Normal accidents, or why post-mortems make you go 'whut?'

Anyone taking DevOps to heart should read about Normal Accidents. The book is about failure modes of nuclear power plants; those highly automated and extremely instrumented things that they are still manage to fail in spite of everything that we do. The lessons here carry well into the highly automated environments we try to build in our distributed systems.

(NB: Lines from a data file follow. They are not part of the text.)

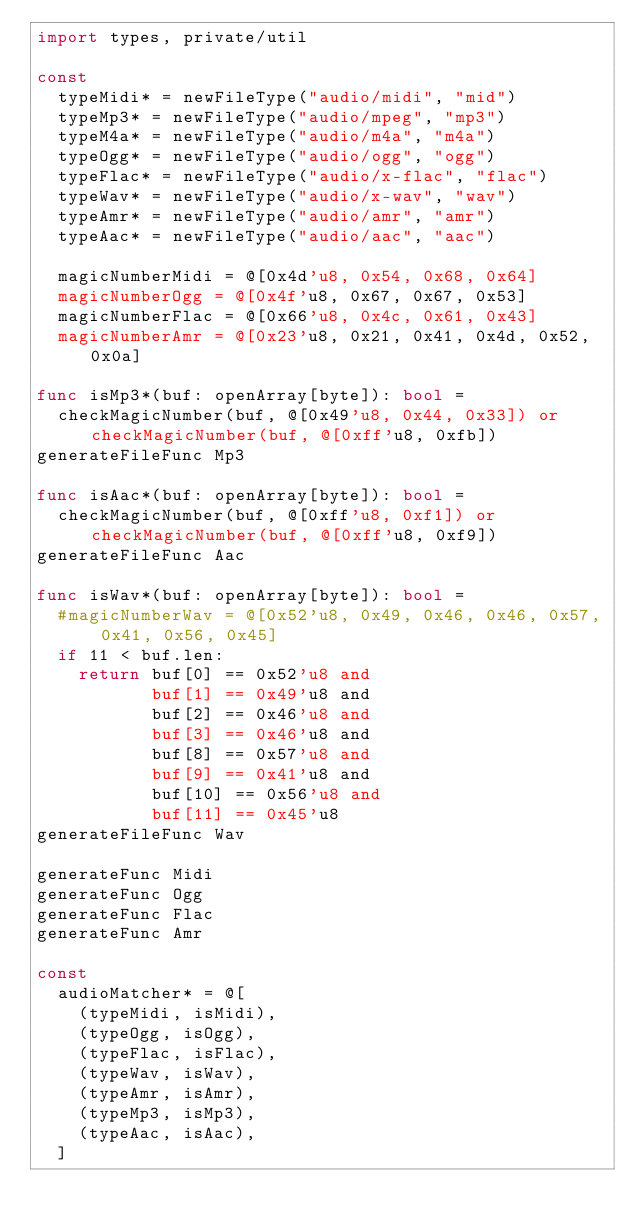<code> <loc_0><loc_0><loc_500><loc_500><_Nim_>import types, private/util

const
  typeMidi* = newFileType("audio/midi", "mid")
  typeMp3* = newFileType("audio/mpeg", "mp3")
  typeM4a* = newFileType("audio/m4a", "m4a")
  typeOgg* = newFileType("audio/ogg", "ogg")
  typeFlac* = newFileType("audio/x-flac", "flac")
  typeWav* = newFileType("audio/x-wav", "wav")
  typeAmr* = newFileType("audio/amr", "amr")
  typeAac* = newFileType("audio/aac", "aac")

  magicNumberMidi = @[0x4d'u8, 0x54, 0x68, 0x64]
  magicNumberOgg = @[0x4f'u8, 0x67, 0x67, 0x53]
  magicNumberFlac = @[0x66'u8, 0x4c, 0x61, 0x43]
  magicNumberAmr = @[0x23'u8, 0x21, 0x41, 0x4d, 0x52, 0x0a]

func isMp3*(buf: openArray[byte]): bool =
  checkMagicNumber(buf, @[0x49'u8, 0x44, 0x33]) or checkMagicNumber(buf, @[0xff'u8, 0xfb])
generateFileFunc Mp3

func isAac*(buf: openArray[byte]): bool =
  checkMagicNumber(buf, @[0xff'u8, 0xf1]) or checkMagicNumber(buf, @[0xff'u8, 0xf9])
generateFileFunc Aac

func isWav*(buf: openArray[byte]): bool =
  #magicNumberWav = @[0x52'u8, 0x49, 0x46, 0x46, 0x57, 0x41, 0x56, 0x45]
  if 11 < buf.len:
    return buf[0] == 0x52'u8 and
           buf[1] == 0x49'u8 and
           buf[2] == 0x46'u8 and
           buf[3] == 0x46'u8 and
           buf[8] == 0x57'u8 and
           buf[9] == 0x41'u8 and
           buf[10] == 0x56'u8 and
           buf[11] == 0x45'u8
generateFileFunc Wav

generateFunc Midi
generateFunc Ogg
generateFunc Flac
generateFunc Amr

const
  audioMatcher* = @[
    (typeMidi, isMidi),
    (typeOgg, isOgg),
    (typeFlac, isFlac),
    (typeWav, isWav),
    (typeAmr, isAmr),
    (typeMp3, isMp3),
    (typeAac, isAac),
  ]

</code>

There are a couple of key learnings to take from this book and theory:

  • Root cause can be something seemingly completely unrelated to the actual problem.
  • Contributing causes can sneak in and make what would be a well handled event into something that gets you bad press.
  • Monitoring instrumentation failures can be sneaky contributing causes.
  • Single-failure events are easily handled, and may be invisible.
  • Multiple-failure events are much harder to handle.
  • Multiple-failure events can take months to show up if the individual failures happened over the course of months and were invisible.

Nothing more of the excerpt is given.